▶ [Work request]
Among the entries below, find the line with "Output: a one-line", then quote it and each following line up to and including the line with "- person at [917, 0, 960, 74]", and nothing else.

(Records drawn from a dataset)
◇ ◇ ◇
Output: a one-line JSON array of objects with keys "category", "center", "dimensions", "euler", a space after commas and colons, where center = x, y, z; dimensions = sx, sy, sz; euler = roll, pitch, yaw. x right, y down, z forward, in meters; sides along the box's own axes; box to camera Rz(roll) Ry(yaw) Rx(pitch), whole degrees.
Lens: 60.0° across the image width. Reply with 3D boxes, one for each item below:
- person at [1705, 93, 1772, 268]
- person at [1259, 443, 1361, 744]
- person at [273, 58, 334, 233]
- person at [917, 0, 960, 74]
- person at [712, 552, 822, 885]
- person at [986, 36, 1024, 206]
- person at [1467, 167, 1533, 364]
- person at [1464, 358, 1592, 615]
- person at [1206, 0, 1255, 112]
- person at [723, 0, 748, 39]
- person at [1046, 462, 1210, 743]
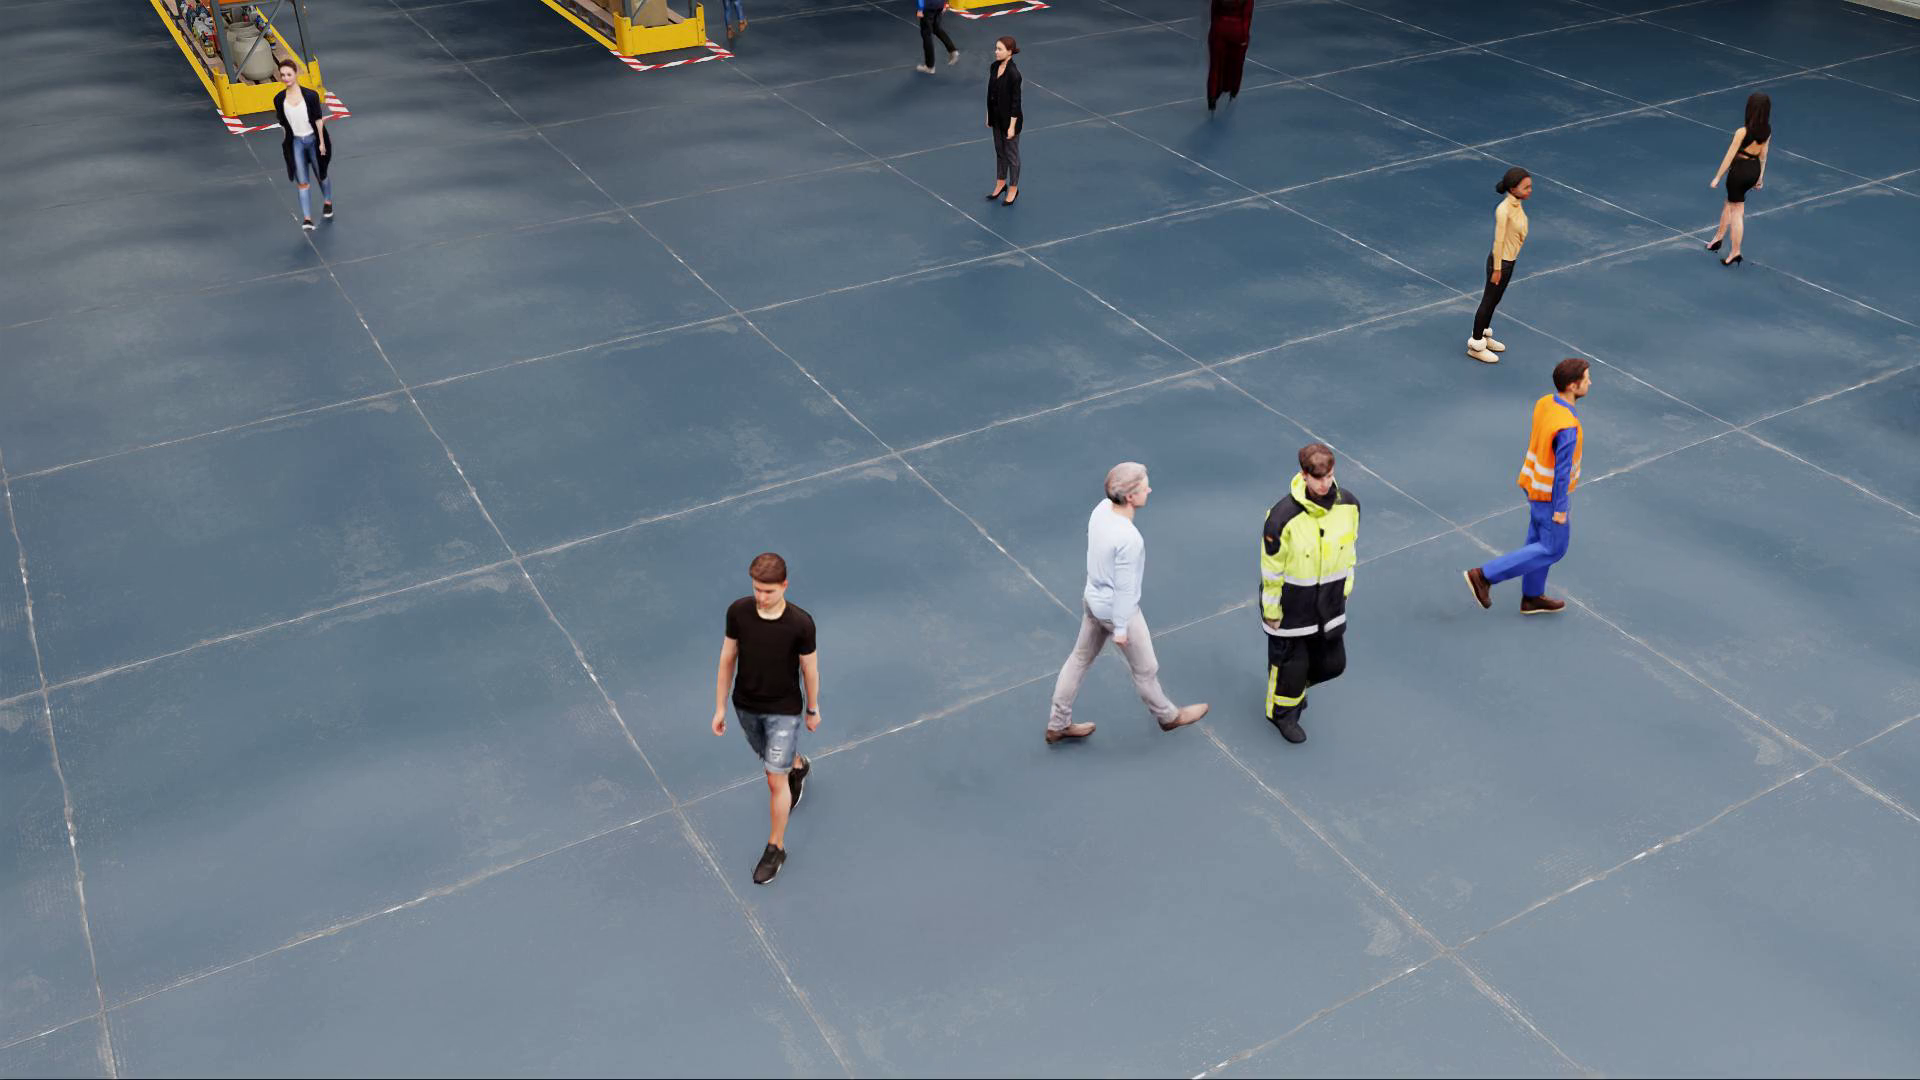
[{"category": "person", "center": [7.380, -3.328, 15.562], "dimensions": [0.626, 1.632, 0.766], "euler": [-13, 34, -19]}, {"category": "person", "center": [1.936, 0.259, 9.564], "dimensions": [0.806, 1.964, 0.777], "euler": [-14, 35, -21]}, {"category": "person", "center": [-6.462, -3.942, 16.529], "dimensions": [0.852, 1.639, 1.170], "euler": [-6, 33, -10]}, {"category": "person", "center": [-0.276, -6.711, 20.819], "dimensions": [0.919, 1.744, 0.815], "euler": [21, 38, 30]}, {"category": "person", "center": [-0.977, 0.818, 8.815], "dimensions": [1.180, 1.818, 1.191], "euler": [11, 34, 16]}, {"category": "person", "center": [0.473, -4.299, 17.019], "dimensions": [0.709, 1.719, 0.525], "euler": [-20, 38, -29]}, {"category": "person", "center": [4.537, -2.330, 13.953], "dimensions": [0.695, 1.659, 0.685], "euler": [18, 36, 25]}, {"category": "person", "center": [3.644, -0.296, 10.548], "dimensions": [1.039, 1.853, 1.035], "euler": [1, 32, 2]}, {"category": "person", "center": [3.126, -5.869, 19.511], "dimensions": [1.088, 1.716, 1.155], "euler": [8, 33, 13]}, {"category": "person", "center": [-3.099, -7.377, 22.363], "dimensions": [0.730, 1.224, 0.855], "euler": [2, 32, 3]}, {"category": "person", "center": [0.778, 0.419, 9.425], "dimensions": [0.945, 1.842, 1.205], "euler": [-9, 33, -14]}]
◇ ◇ ◇
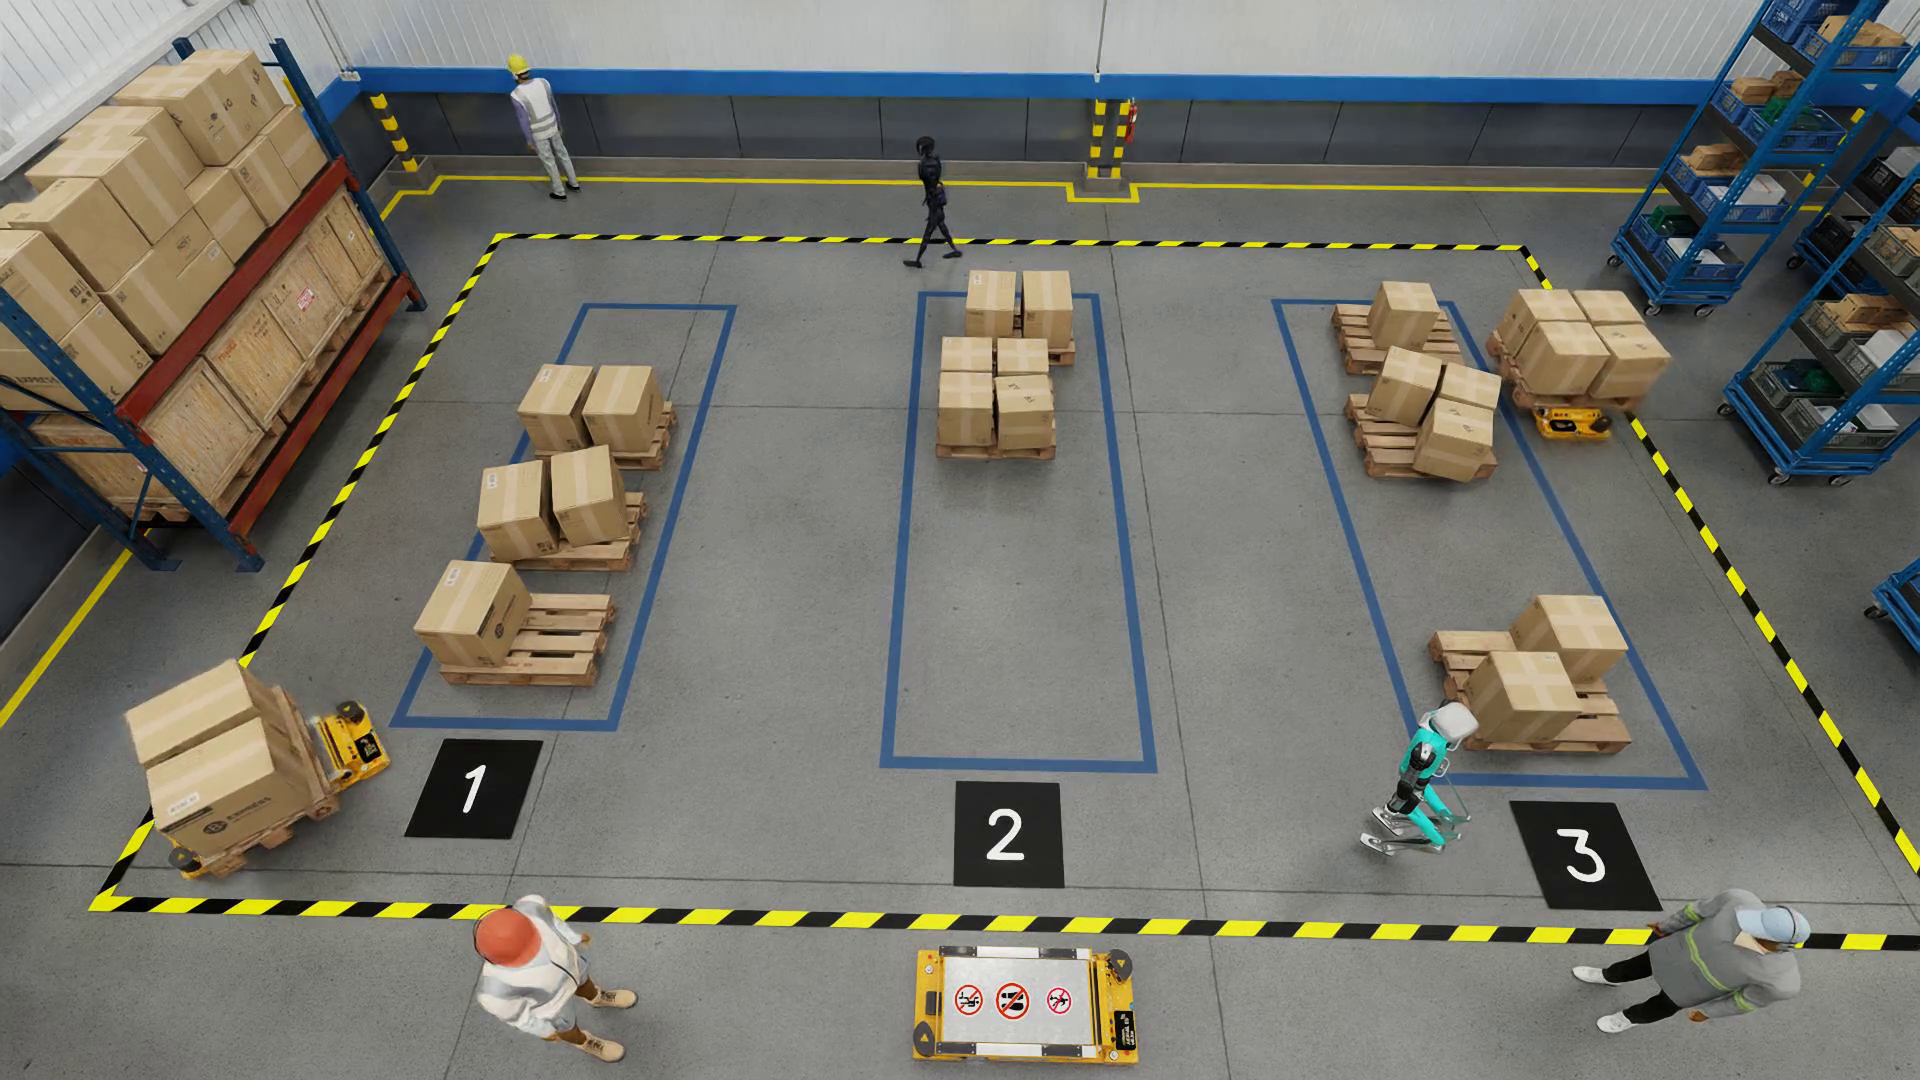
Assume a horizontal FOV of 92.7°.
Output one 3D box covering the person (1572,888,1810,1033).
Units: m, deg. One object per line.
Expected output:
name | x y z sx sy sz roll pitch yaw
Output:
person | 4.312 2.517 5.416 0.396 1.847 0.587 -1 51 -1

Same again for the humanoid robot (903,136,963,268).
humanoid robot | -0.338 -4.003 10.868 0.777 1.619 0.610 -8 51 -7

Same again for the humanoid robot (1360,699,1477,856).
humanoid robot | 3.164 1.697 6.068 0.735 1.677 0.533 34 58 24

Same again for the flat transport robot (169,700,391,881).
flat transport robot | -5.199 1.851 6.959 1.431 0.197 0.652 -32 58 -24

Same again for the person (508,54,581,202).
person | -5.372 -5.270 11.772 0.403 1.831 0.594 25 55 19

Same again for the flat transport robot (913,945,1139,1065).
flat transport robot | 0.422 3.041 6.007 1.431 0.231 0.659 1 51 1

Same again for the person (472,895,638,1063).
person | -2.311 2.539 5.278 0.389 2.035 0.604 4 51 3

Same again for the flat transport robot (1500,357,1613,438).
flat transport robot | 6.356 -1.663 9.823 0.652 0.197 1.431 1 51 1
◇ ◇ ◇
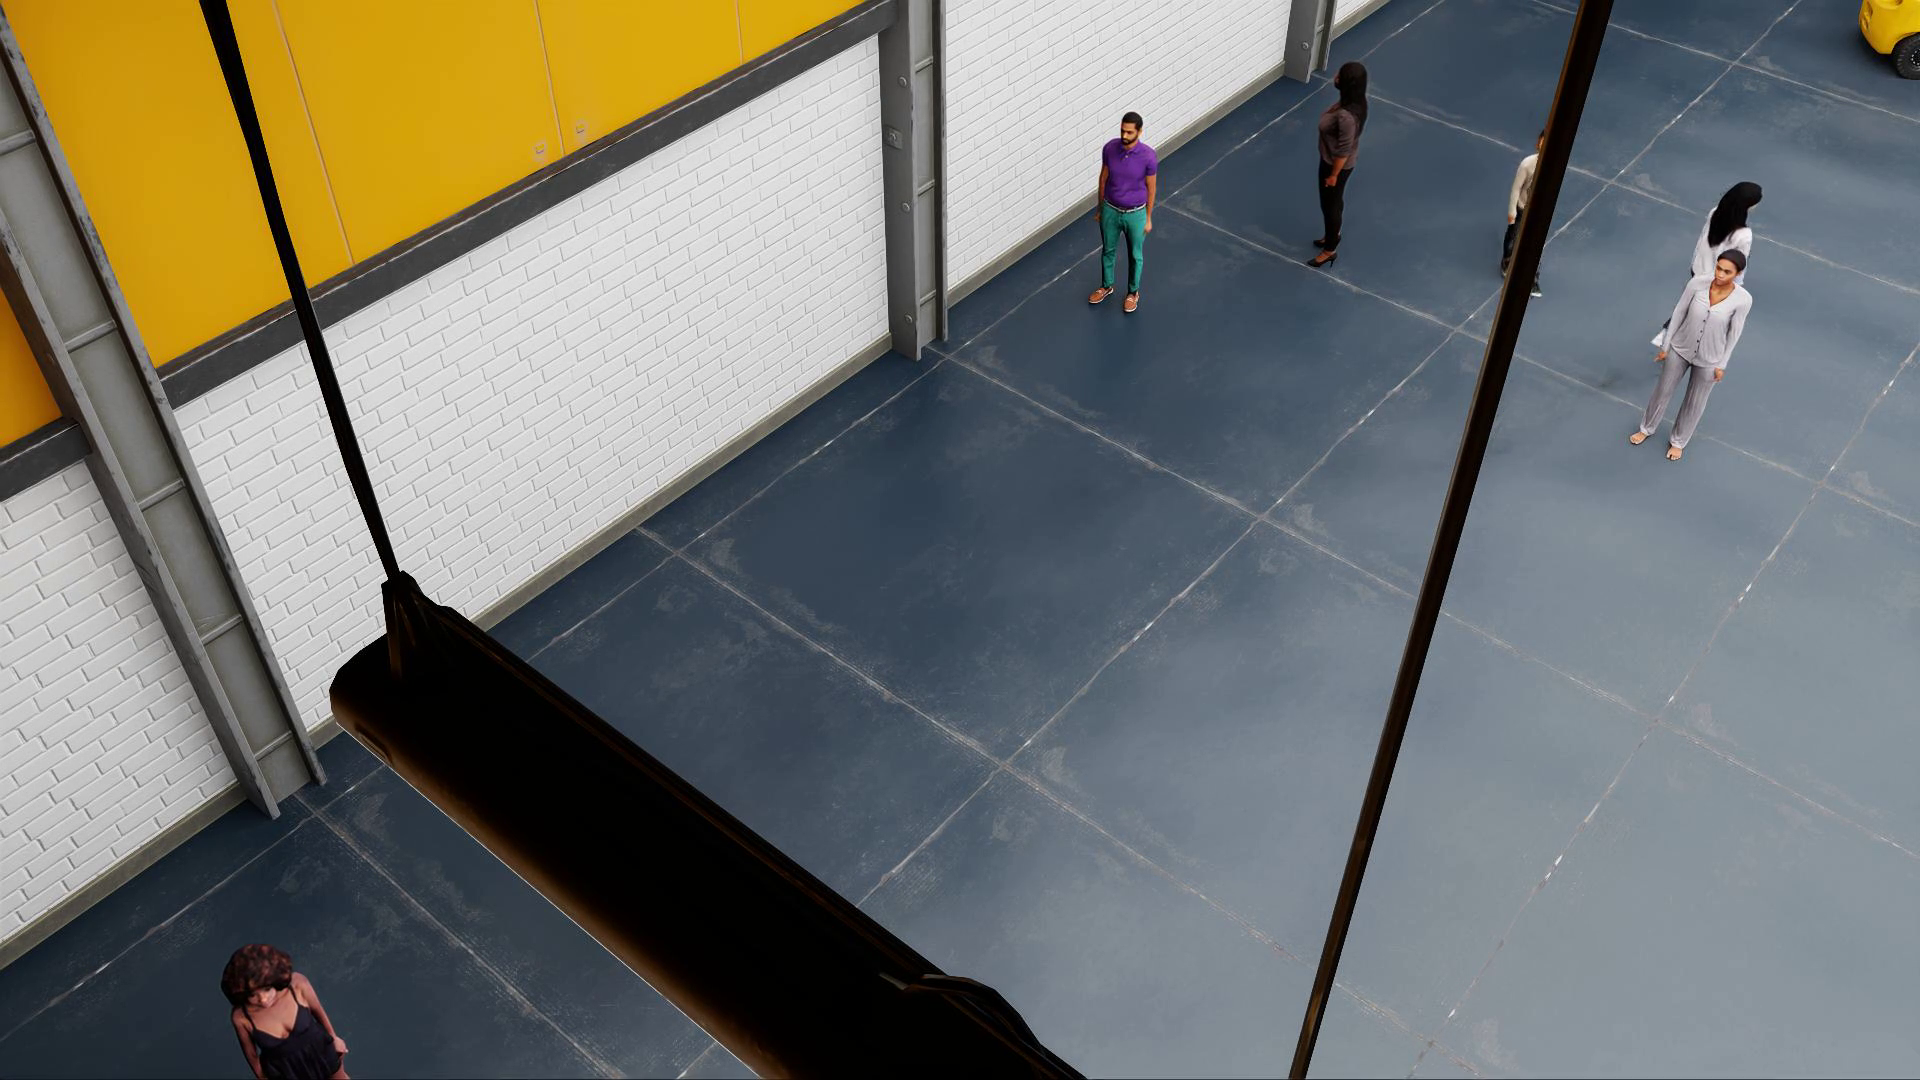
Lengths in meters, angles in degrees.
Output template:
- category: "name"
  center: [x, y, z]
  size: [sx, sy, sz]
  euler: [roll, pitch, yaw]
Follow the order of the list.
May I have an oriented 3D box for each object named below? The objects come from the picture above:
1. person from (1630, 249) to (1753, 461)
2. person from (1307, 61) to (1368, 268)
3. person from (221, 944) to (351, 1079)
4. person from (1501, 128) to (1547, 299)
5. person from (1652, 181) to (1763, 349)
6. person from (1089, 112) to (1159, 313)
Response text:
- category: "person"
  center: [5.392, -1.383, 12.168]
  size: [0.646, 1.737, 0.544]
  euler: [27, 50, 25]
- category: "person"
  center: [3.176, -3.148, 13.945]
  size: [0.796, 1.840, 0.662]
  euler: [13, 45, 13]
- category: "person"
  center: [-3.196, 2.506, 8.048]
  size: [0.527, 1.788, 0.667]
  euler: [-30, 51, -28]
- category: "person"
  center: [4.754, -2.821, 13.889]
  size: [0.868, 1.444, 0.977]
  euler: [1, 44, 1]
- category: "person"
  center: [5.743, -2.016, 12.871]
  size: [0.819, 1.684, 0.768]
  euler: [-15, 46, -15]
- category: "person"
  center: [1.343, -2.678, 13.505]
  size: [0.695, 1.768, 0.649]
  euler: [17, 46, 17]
◇ ◇ ◇
▶ [Your response]
Output: a one-line JSON array of objects with keys "category", "center", "dimensions", "euler", a space after commas and colons, where center = x, y, z; dimensions = sx, sy, sz; euler = roll, pitch, yaw. x right, y down, z forward, in meters; sides along the box's own axes; box to camera Rz(roll) Ry(yaw) Rx(pitch), whole degrees.
Lens: 60.0° across the image width. Reply with 3D boxes, one for each item below:
- person at [1705, 93, 1772, 268]
- person at [1259, 443, 1361, 744]
- person at [273, 58, 334, 233]
- person at [917, 0, 960, 74]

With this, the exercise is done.